In terms of serologic diagnosis, Cryptococcal antigen testing is nearly 100% sensitive and 96–99.5% specific when performed on serum and 96–100% sensitive and 93.5–99.8% specific when performed on CSF, in the appropriate clinical setting 9. Cultures from blood, sputum, and CSF are usually diagnostic. The drug of choice for initial therapy in disseminated, non-neural cryptococcosis in patients without HIV remain amphotericin B, with or without flucytosine 9 Amphotericin B has a rapid onset of action and often leads to clinical improvement more rapidly than either intravenous or oral fluconazole.

Histologic evaluation of tissues is an alternative method of detecting fungal organisms and remains a strong adjunct to microbiologic culture for diagnosis. It is usually suspected on Hematoxylin & Eosin (H&E) stains and then confirmed with direct visualization via specific stains for fungus, commonly GMS or PAS, in tissue and cytology specimens 10. This patient had a negative serum cryptococcal antigen, likely due to an inability to mount an immune response secondary to protracted fungal infiltration of the bone marrow. His initial BAL cytology revealed a mixture of Candida and Cryptococcus, BAL culture was positive for Cryptococcus and PCR identified CN species. A reassessment of bone marrow trephine revealed GMS positive yeast identical to those in BAL.

Bone marrow cryptococcosis is a well-recognized manifestation, although relatively infrequent, in patients with Acquired Immunodeficiency Syndrome (AIDS) and is very rarely reported in immunocompetent hosts 11,12. Peripheral blood cytopenia and granulomatous inflammation with necrosis is the most commonly reported bone marrow morphology 13. However, this patient's bone marrow aspirate and trephine revealed plasmacytosis (10% of nucleated cells).
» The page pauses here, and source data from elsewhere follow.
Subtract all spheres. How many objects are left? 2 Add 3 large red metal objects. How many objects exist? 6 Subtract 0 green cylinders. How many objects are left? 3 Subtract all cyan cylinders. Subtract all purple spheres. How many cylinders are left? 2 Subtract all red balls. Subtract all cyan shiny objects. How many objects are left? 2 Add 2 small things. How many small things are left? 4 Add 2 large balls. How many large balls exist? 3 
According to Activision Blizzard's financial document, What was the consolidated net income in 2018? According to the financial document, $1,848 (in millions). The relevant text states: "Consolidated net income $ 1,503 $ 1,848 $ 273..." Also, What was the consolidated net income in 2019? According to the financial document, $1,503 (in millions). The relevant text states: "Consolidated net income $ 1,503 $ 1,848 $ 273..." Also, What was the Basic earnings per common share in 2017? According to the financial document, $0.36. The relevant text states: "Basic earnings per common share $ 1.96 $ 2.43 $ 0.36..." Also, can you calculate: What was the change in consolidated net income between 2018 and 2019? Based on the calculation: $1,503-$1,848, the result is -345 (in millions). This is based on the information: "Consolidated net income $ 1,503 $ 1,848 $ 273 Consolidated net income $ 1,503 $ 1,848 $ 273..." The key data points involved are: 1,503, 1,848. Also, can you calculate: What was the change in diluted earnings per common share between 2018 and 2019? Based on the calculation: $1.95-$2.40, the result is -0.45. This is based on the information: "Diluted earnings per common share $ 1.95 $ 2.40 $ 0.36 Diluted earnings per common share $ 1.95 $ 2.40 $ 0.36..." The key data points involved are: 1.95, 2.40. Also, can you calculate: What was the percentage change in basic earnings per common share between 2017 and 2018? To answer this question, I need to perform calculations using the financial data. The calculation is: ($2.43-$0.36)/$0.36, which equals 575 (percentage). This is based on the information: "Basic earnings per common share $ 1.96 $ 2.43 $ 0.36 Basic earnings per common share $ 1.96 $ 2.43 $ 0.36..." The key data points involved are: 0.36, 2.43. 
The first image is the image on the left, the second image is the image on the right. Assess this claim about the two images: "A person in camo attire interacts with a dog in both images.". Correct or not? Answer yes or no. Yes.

Flow cytometric immunophenotyping showed a polyclonal plasma cell proliferation 14,15. Therefore, the polyclonal plasma cell proliferation was likely reactive to disseminated CN infection.
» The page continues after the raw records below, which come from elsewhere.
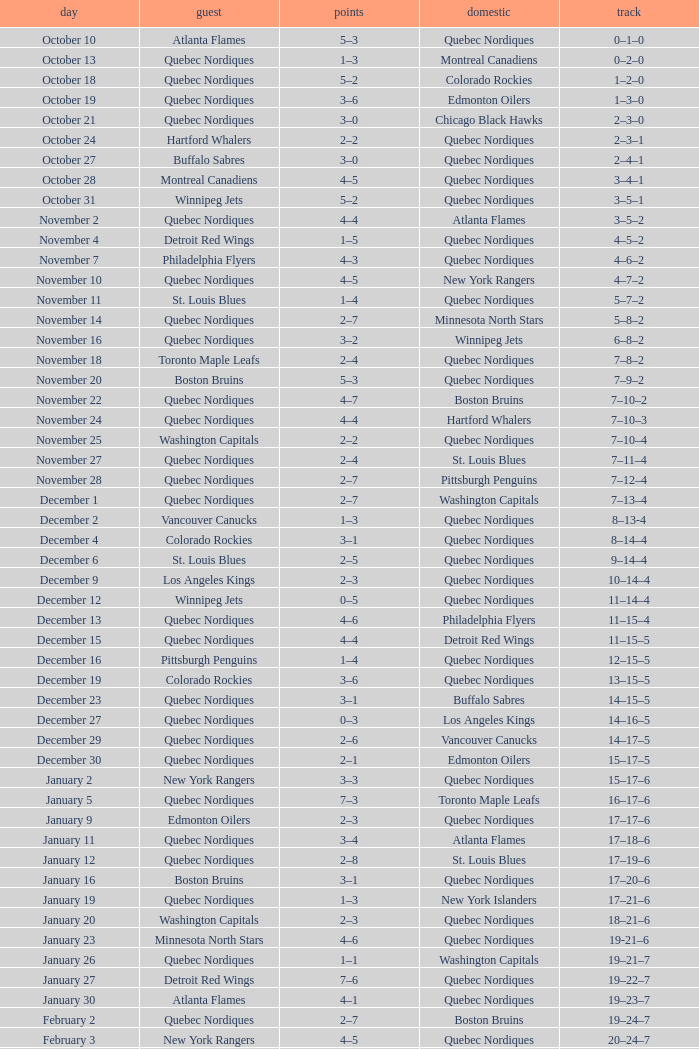Which Home has a Date of april 1? Quebec Nordiques. 
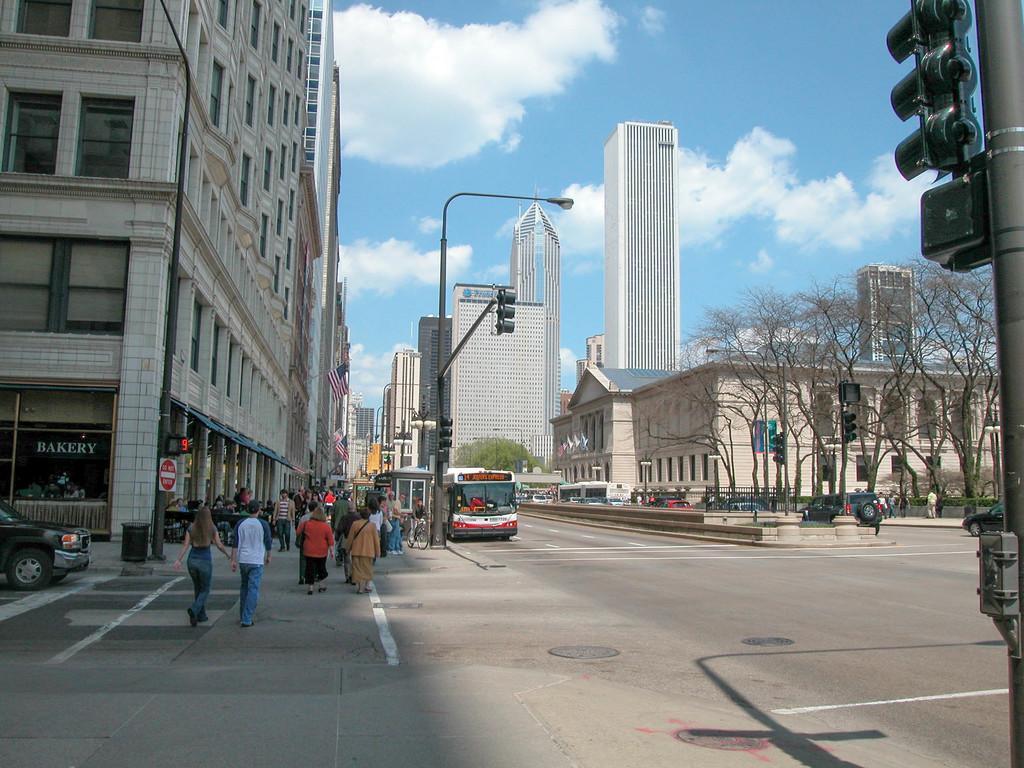In one or two sentences, can you explain what this image depicts? In this image many people are walking together ,In this image we can see a skyscrapers and a streetlights , A bus is standing and a group of trees beside a road. 
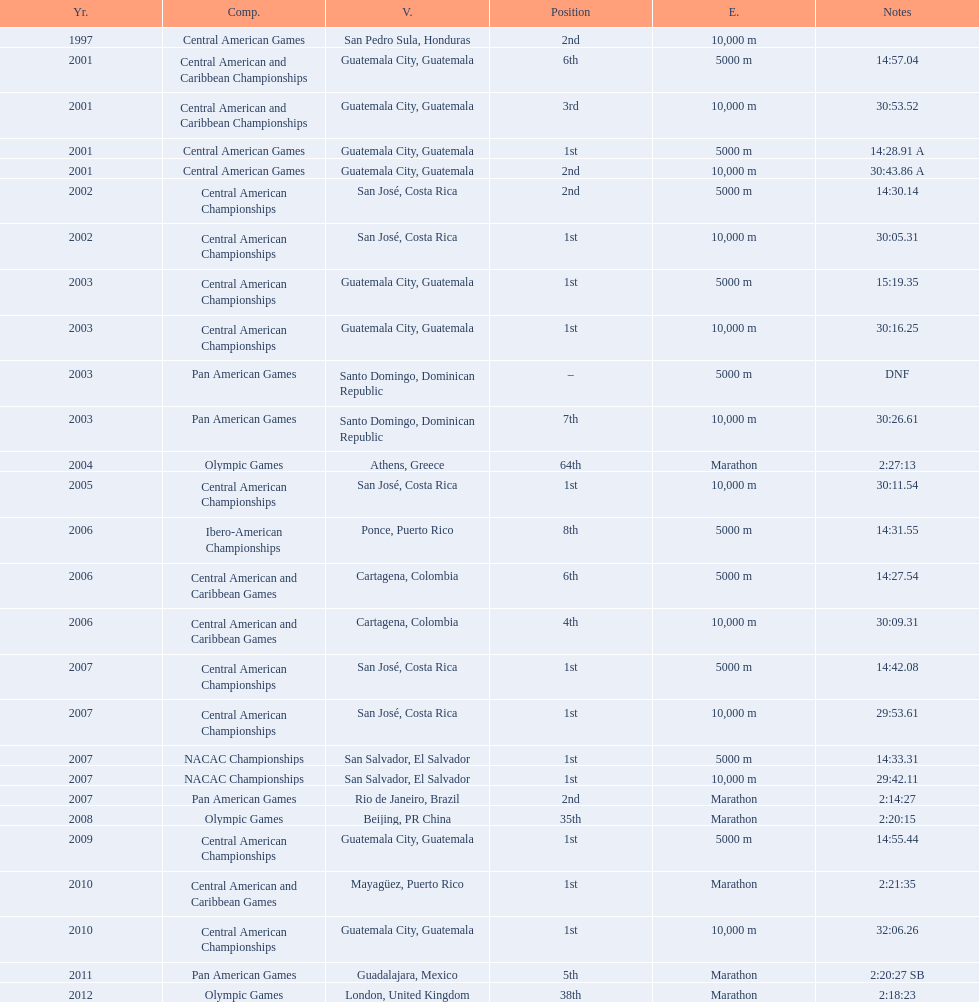What competition did this competitor compete at after participating in the central american games in 2001? Central American Championships. 
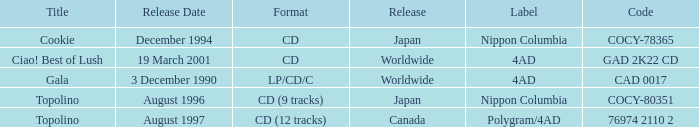What Label released an album in August 1996? Nippon Columbia.

The etiology of plasmacytosis can be broadly classified into clonal and polyclonal causes. Clonal plasmacytosis is diagnosed based on the detection and quantification of a monoclonal protein and the presence or absence of target organ damage as defined by the WHO 2008 criteria 16.
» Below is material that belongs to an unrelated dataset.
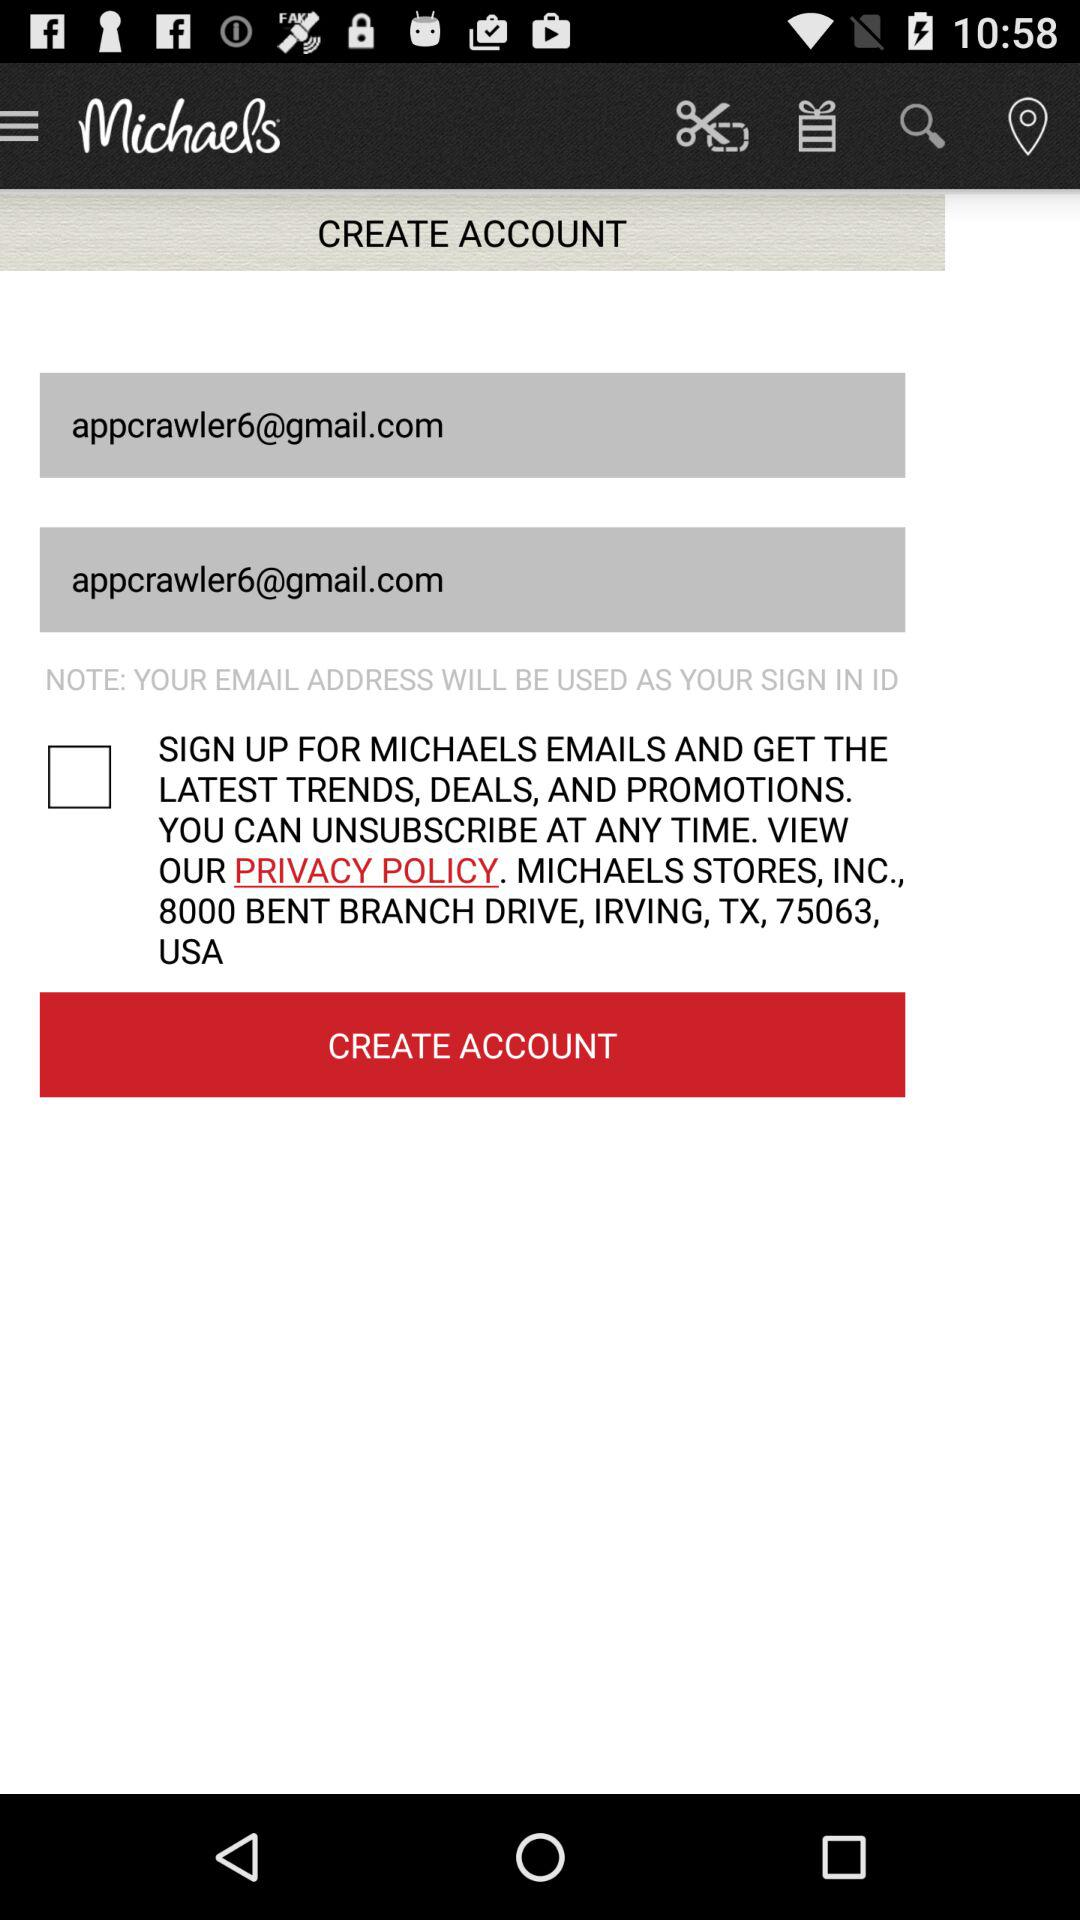How many text inputs are there for email addresses?
Answer the question using a single word or phrase. 2

Polyclonal plasmacytosis is a common finding in a variety of benign and malignant disease states. It is noteworthy that polyclonal plasmacytosis occurs in malignant disorders where plasma cells are not a component of the malignant clone. 17 An overview of the differential diagnoses for reactive plasmacytosis is presented in (Fig.5). Table1 summarizes the clinicopathological findings in selected cases of reactive plasmacytosis.

Figure 5

Differential diagnosis of plasmacytosis.

Table 1

Clinical presentation and hematologic findings in six cases associated with reactive plasmacytosis

Condition	Clinical presentation	Plasma cell percentage	Plasma cell immunophenotype	Reference
Rhabdomyolysis and Sepsis	Fever, myalgia, and weakness	15–20%	N/A	Shtalrid, Leuk Lymphoma 2003 18
Drug-induced (Methimazole)	Sore throat and high-grade fever	Decreased	CD19 47%, CD22 48%	Yamamoto, Thyroid 2004 19
Drug-Induced (Azathioprine)	Fever and hematemesis			Kathol JAMA 1981 20
Sjogren syndrome	Fatigue and weight loss	18.2% of nucleated cells	CD19+/CD27+	Lee J, J Korean Med Sci 2005 21
Unknown Autoimmune Syndrome	Rash, confusion, and lethargy	N/A	CD38+/CD19+ CD45 dim CD56-/16-/20-	Lin Li, Annals of Clinical and Laboratory Science 2006 22
Suspected Lymphoproliferative Disorder	Lymphadenopathy and Hepatosplenomegaly		CD19/30/38/138+ CD10/20/25/56-	Ohno, Int J Haematol 2005 23

In conclusion, we present a case of disseminated cryptococcal infection in an immunocompetent host which manifested with marked plasmacytosis in the blood and marrow. To our knowledge, this is the first report of disseminated cryptococcosis mimicking a plasma cell dyscrasia. This case underscores the importance of considering fungal infection as a differential diagnosis for reactive plasmacytosis even in immunocompetent hosts, given the significant implications for management.